Tue, 21st Apr 2026 (Yesterday)

ShareGate has published research suggesting many organisations have experienced AI-driven data exposure incidents, even as AI adoption becomes widespread across Microsoft 365 environments.

The study surveyed more than 850 IT and security leaders across the US, Canada and Europe. It found that 29% said AI tools had surfaced sensitive data they should not have accessed, while 93% said they were confident their Microsoft 365 governance framework could support AI use responsibly.

UK responses suggest the market is ahead of the global average in Microsoft Copilot deployment, but is also already facing governance strain and data exposure. According to the survey, 94% of UK organisations had deployed Copilot to some degree, and 63% reported full deployment, compared with 56% globally.

Confidence levels were also high in the UK, where 97% of IT leaders said they were confident in their governance frameworks. Of those, 60% said they were very confident, compared with 51% globally.

That confidence sits alongside reported incidents. In the UK, 26% of IT leaders said AI tools had surfaced sensitive internal data, including internal documents for 36% of that group, customer data for 30%, and personal data for 29%.

Governance load

The findings suggest governance is becoming a central issue as companies seek a return on AI spending. Globally, more than 80% of respondents said they expected measurable return on investment from Microsoft 365 AI initiatives within 18 months.

UK organisations were more likely than the global average to say they were very confident Microsoft 365 AI projects would deliver measurable returns: 46% compared with 39% globally. At the same time, 55% said governance complexity was the main barrier to measuring that return.

Across the full sample, only 51% said they had completed an organisation-wide governance review after enabling Microsoft 365 AI tools, including Copilot.
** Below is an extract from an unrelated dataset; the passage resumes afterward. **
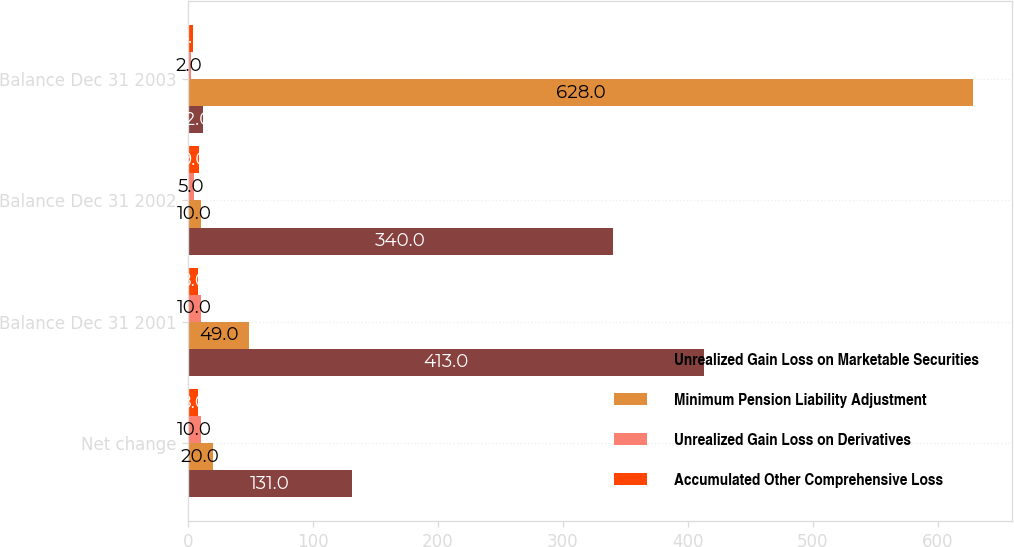<chart> <loc_0><loc_0><loc_500><loc_500><stacked_bar_chart><ecel><fcel>Net change<fcel>Balance Dec 31 2001<fcel>Balance Dec 31 2002<fcel>Balance Dec 31 2003<nl><fcel>Unrealized Gain Loss on Marketable Securities<fcel>131<fcel>413<fcel>340<fcel>12<nl><fcel>Minimum Pension Liability Adjustment<fcel>20<fcel>49<fcel>10<fcel>628<nl><fcel>Unrealized Gain Loss on Derivatives<fcel>10<fcel>10<fcel>5<fcel>2<nl><fcel>Accumulated Other Comprehensive Loss<fcel>8<fcel>8<fcel>9<fcel>4<nl></chart>

Respondents said exposed information included customer records, sensitive internal documents, personal data and personally identifiable information, HR records, financial data and proprietary intellectual property.

Pressure on IT and security teams has also increased. More than 70% of respondents globally said AI had increased their governance burden after those tools were enabled. Nearly eight in 10 said they were at least moderately concerned about AI accessing content whose permissions had not been reviewed recently.
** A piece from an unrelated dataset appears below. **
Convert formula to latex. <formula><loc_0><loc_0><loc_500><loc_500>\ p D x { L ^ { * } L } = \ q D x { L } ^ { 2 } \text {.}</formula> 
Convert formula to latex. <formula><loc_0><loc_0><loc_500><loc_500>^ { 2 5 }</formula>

The same pattern appeared in the UK data. Thirty percent of UK organisations reported a significant increase in governance workload, compared with 24% globally. Meanwhile, 47% said they were very likely to bring in external partners to assess AI governance before expanding further.

Exposure risk

The research focused on Microsoft 365 environments, where many companies are testing or rolling out generative AI tools through Copilot. The results suggest the issue is not just whether companies adopt AI, but whether data permissions, content reviews and oversight processes are keeping pace with deployment.

Benjamin Niaulin, Vice President of Product at ShareGate, said the survey points to longstanding governance weaknesses rather than a problem created solely by new AI products.

"AI and Copilot didn't create the governance problem. They exposed it," Niaulin said. "IT teams have been papering over fragmented tools and blind spots for years. Now every oversharing group and forgotten permission is one Copilot prompt away from becoming a real incident. You can't govern what you can't see, and right now, most teams can't see it."

The survey was conducted by Centiment on behalf of ShareGate and covered IT and security leaders in the US, UK, Canada, France, Germany, the Netherlands and Ireland. Respondents worked across IT leadership, security leadership, data governance, compliance and digital workplace leadership.

The figures add to a broader debate over whether companies can expand AI use inside mainstream workplace software without first tightening control over access to internal content. In this survey, the gap between confidence in governance and reports of data exposure was one of the clearest signs of that tension.

Internal capacity also appears to be under strain. Globally, eight in 10 respondents said they were likely to bring in an external partner for an AI governance assessment before scaling further.